1. The article provides a finite sample analysis of predictive regressions with overlapping long-horizon returns, allowing for the evaluation of various asymptotic theories in finite samples.

2. The analysis sheds light on whether a predictive regression with short or long-horizon returns is more powerful in detecting return predictability.

3. The article presents a bias-adjusted estimator of the slope coefficient and its estimated standard error for predictive regression with long-horizon returns, which has excellent size properties and outperforms existing alternatives in the literature.

Article analysis:

The article "Finite Sample Analysis of Predictive Regressions with Long-Horizon Returns" by Raymond Kan and Jiening Pan provides a detailed analysis of predictive regressions with overlapping long-horizon returns. The authors aim to evaluate the reliability of various asymptotic theories for predictive regressions in finite samples and shed light on the question of whether a predictive regression with short or long-horizon returns is more powerful in detecting return predictability.

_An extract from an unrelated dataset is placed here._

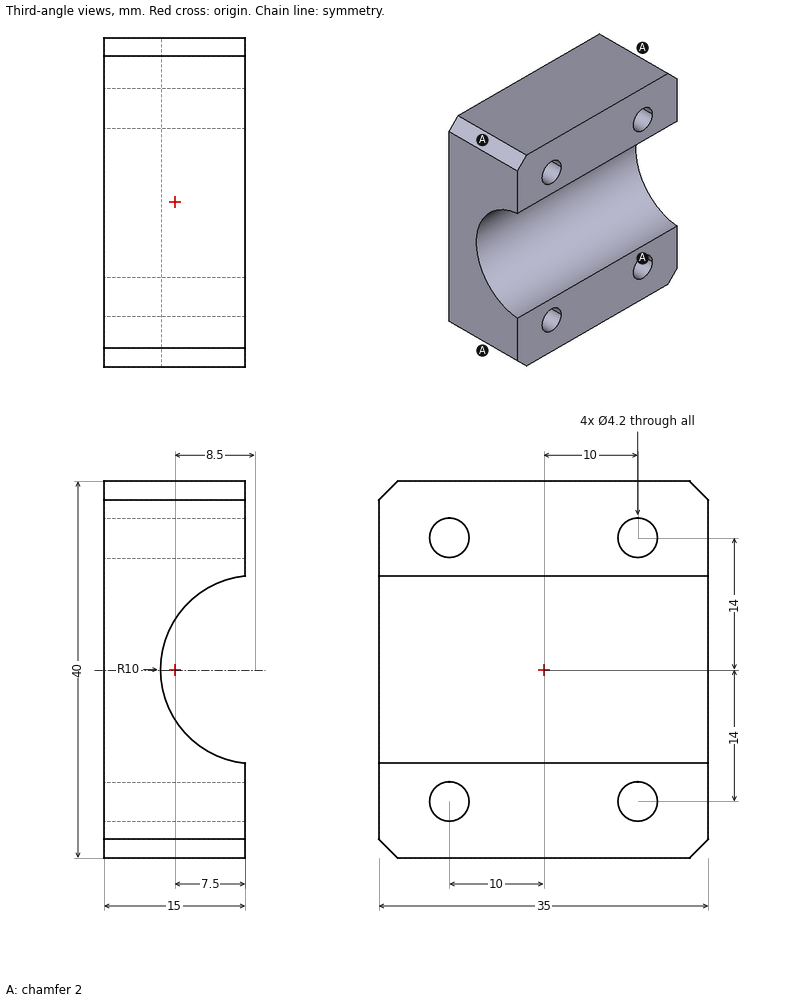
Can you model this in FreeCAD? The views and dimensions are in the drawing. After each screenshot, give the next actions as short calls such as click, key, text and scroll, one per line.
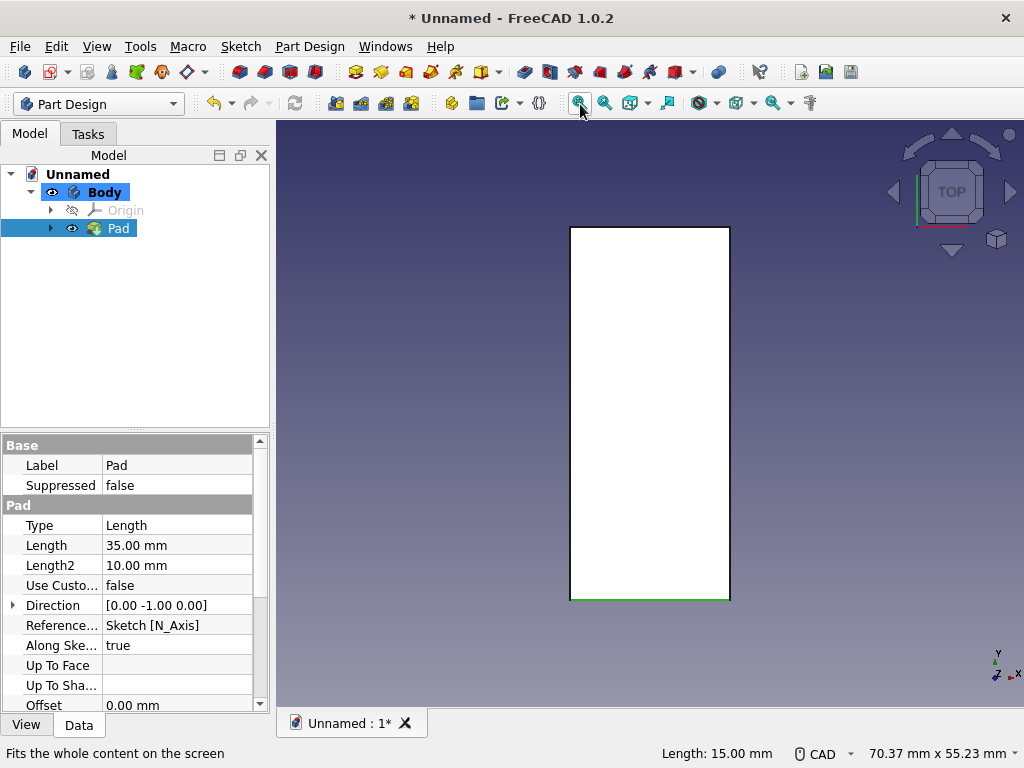
click(650, 226, ctrl)

The article presents an exact finite sample analysis, which is a significant contribution to the literature. However, the authors do not provide any evidence of potential biases or sources that may affect their results. They also do not explore counterarguments or present both sides equally, which may limit the validity of their claims.

The authors claim that their bias-adjusted estimator of the slope coefficient has excellent size properties and dominates existing alternatives in the literature. However, they do not provide sufficient evidence to support this claim. They also do not consider possible risks associated with their estimator or discuss potential limitations.

Furthermore, the article lacks clarity in some areas, making it difficult for readers to understand certain concepts. For example, the authors use technical jargon without providing adequate explanations or definitions, which may make it challenging for non-experts to follow their arguments.

Overall, while the article provides valuable insights into predictive regressions with long-horizon returns, it would benefit from addressing potential biases and limitations and presenting both sides equally. Additionally, providing clearer explanations and definitions would enhance its accessibility to a broader audience.